Bounds on associated types enforced too soon

I am trying to write some code like this:

Link to the Playground

pub trait A<T> {
}

pub trait B {
    type X;
    type Y: A<Self::X>;
}

pub trait C {
    type X;
    type Y: B<X = Self::X>;
    // ^^^ This complains that <Self:Y as B>::Y does not implement A<Self::X>
    //     although Self::Y wouldn't be implementing B otherwise, now would it,
    //     given that Self::X == <Self::Y as B>::X.
}

I suspect it has to do with the type equality Self::X == <Self::Y as B>::X. However, I wish Rust evaluated these requirements on impl rather than on trait declaration, since there it would be more obvious what the types are.

On the #beginners forum, stephaneyfx provided this brilliant workaround Link to Playground:

pub trait C {
    type X;
    type BY: A<Self::X>;
    type Y: B<X = Self::X, Y = Self::BY>;
}

By adding BY with the same bound as B::Y has, rustc was appeased. The question still remains: whyyy :cry:?

This is an interesting case. I suspect what's happening is since B: Y references B: X the compiler wants to ensure that B: Y's bounds have been satisfied eagerly. This is in contrast to, say, something like:

trait B {
   type X;
   type Y: std::fmt::Debug;
   type Z: A<Self::Y>
}

Here there's no relationship between X and Y/Z, although Y and Z have bounds. Compiler is happy with this formulation when you define trait C referencing B: X because you've said nothing about Y and Z in the process.

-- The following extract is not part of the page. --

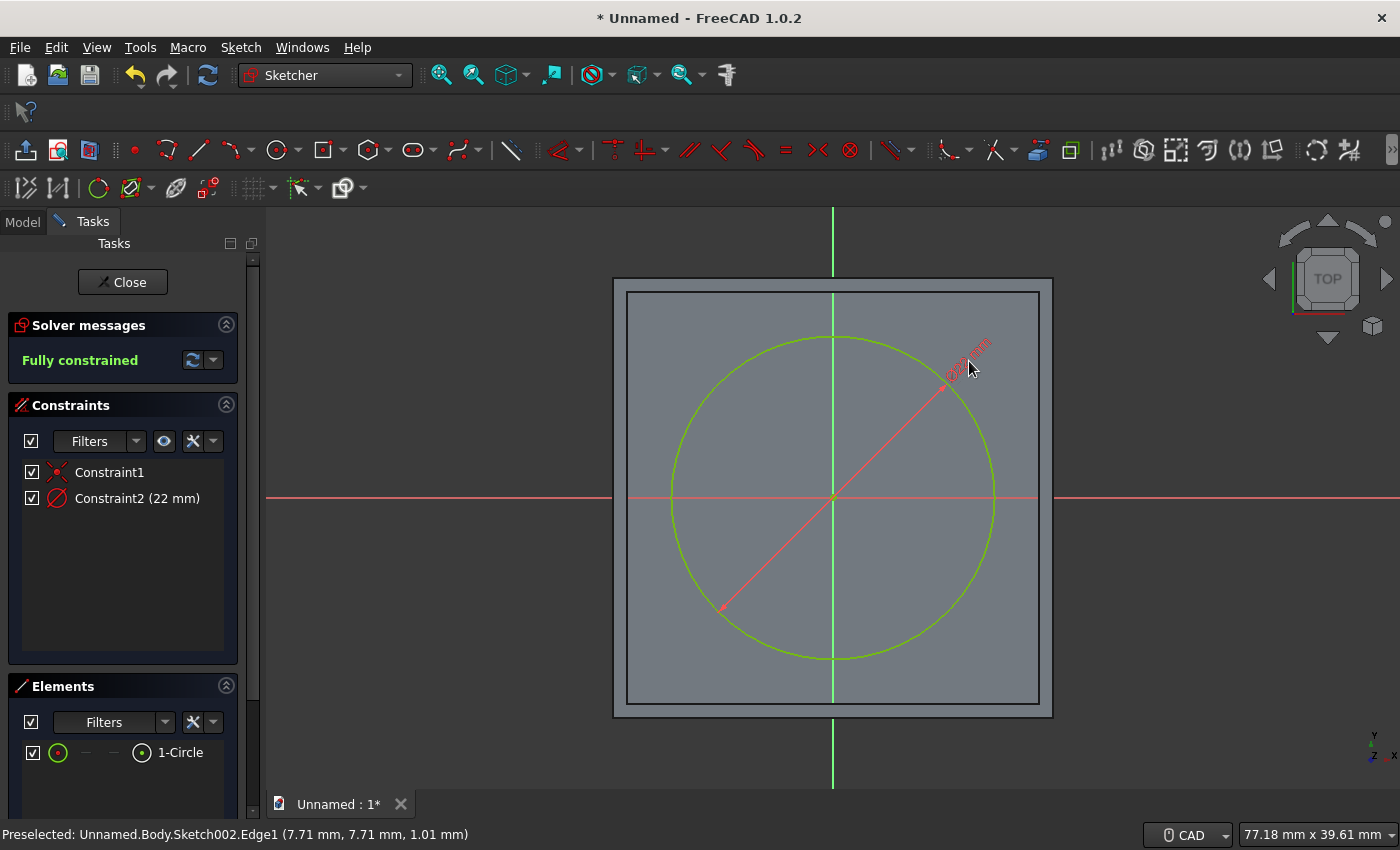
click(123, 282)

So I guess the question is whether the seeming inconsistency in when trait bounds are checked is an impl artifact or some principled design.

I think a github issue might be worthwhile to get someone from the language team to explain.

Thank you for pointing this out! I will post on the internals thread, just to get the discussion started and to see if anyone has some insights.

Is this what has been called eager vs lazy normalization? If so that seems to be something being worked on.